Algorithm for the locally nameless representation used by Lean

Question

I have heard that Lean uses the locally nameless representation for handling binders, yet if I input an expression that has a bound variable in it, the bound variable is not displayed using its de Bruijn index (example [click at the end of the #check line]). Is there a detailed description of the algorithm that Lean uses for this? How is the input parsed and represented internally and how does the internal representation get translated for display? What happens if the original names can no longer be used for display, for example, if using them would produce an expression no longer alpha equivalent to the internal one? How are new names chosen in that case?

Displaying is a completely different matter. You can, for example, store an optional suggested name alongside de Bruijn indices so that it displays that name for readability. — Trebor, Commented Jun 21, 2022 at 9:18
I completely rewrote my answer if you want to take another look. — Jason Rute, Commented Jun 21, 2022 at 13:33
@Trebor A small nitpick: It appears the names are stored with the binder not the variable (which uses de bruijn indices) and don’t appear to be optional (at least in Lean 3, it might be different in Lean 4). — Jason Rute, Commented Jun 21, 2022 at 16:01
...Actually, maybe I should be a bit more careful in what I say.
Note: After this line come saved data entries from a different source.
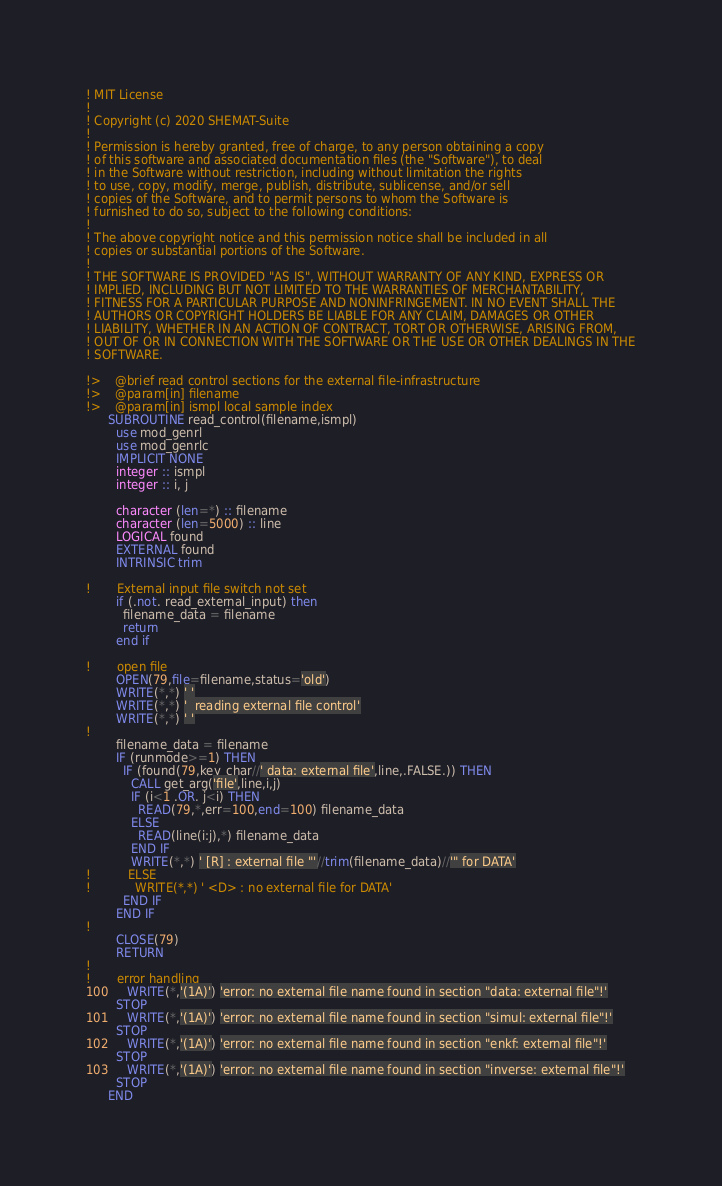Convert code to text. <code><loc_0><loc_0><loc_500><loc_500><_FORTRAN_>
! MIT License
!
! Copyright (c) 2020 SHEMAT-Suite
!
! Permission is hereby granted, free of charge, to any person obtaining a copy
! of this software and associated documentation files (the "Software"), to deal
! in the Software without restriction, including without limitation the rights
! to use, copy, modify, merge, publish, distribute, sublicense, and/or sell
! copies of the Software, and to permit persons to whom the Software is
! furnished to do so, subject to the following conditions:
!
! The above copyright notice and this permission notice shall be included in all
! copies or substantial portions of the Software.
!
! THE SOFTWARE IS PROVIDED "AS IS", WITHOUT WARRANTY OF ANY KIND, EXPRESS OR
! IMPLIED, INCLUDING BUT NOT LIMITED TO THE WARRANTIES OF MERCHANTABILITY,
! FITNESS FOR A PARTICULAR PURPOSE AND NONINFRINGEMENT. IN NO EVENT SHALL THE
! AUTHORS OR COPYRIGHT HOLDERS BE LIABLE FOR ANY CLAIM, DAMAGES OR OTHER
! LIABILITY, WHETHER IN AN ACTION OF CONTRACT, TORT OR OTHERWISE, ARISING FROM,
! OUT OF OR IN CONNECTION WITH THE SOFTWARE OR THE USE OR OTHER DEALINGS IN THE
! SOFTWARE.

!>    @brief read control sections for the external file-infrastructure
!>    @param[in] filename
!>    @param[in] ismpl local sample index
      SUBROUTINE read_control(filename,ismpl)
        use mod_genrl
        use mod_genrlc
        IMPLICIT NONE
        integer :: ismpl
        integer :: i, j

        character (len=*) :: filename
        character (len=5000) :: line
        LOGICAL found
        EXTERNAL found
        INTRINSIC trim

!       External input file switch not set
        if (.not. read_external_input) then
          filename_data = filename
          return
        end if

!       open file
        OPEN(79,file=filename,status='old')
        WRITE(*,*) ' '
        WRITE(*,*) '  reading external file control'
        WRITE(*,*) ' '
!
        filename_data = filename
        IF (runmode>=1) THEN
          IF (found(79,key_char//' data: external file',line,.FALSE.)) THEN
            CALL get_arg('file',line,i,j)
            IF (i<1 .OR. j<i) THEN
              READ(79,*,err=100,end=100) filename_data
            ELSE
              READ(line(i:j),*) filename_data
            END IF
            WRITE(*,*) ' [R] : external file "'//trim(filename_data)//'" for DATA'
!          ELSE
!            WRITE(*,*) ' <D> : no external file for DATA'
          END IF
        END IF
!
        CLOSE(79)
        RETURN
!
!       error handling
100     WRITE(*,'(1A)') 'error: no external file name found in section "data: external file"!'
        STOP
101     WRITE(*,'(1A)') 'error: no external file name found in section "simul: external file"!'
        STOP
102     WRITE(*,'(1A)') 'error: no external file name found in section "enkf: external file"!'
        STOP
103     WRITE(*,'(1A)') 'error: no external file name found in section "inverse: external file"!'
        STOP
      END
</code>

There might be some macro magic which lets you associate optional names to things that I don't know about. Also, in ∀ p : Prop, p → p the inner variable (which is unused) is automatically assigned a name of ᾰ while one can instead write the → explicitly as a binder such as ∀ p : Prop, ∀ h : p, p. So maybe that is what you mean by optional. — Jason Rute, Commented Jun 21, 2022 at 16:23

Andrej Bauer · Accepted Answer · 2022-06-21 18:00:00Z

I implemented the spartan type theory as an educational tool for people who are interested in implementing their own formal systems. If you look at how the type of expressions expr is defined,

type expr =
  | Bound of index (** de Bruijn index *)
  | Atom of atom (** primitive symbol *)
  | Type (** the type of types *)
  | Prod of (Name.ident * ty) * ty (** dependent product *)
  | Lambda of (Name.ident * ty) * expr (** lambda abstraction *)
  | Apply of expr * expr (** application *)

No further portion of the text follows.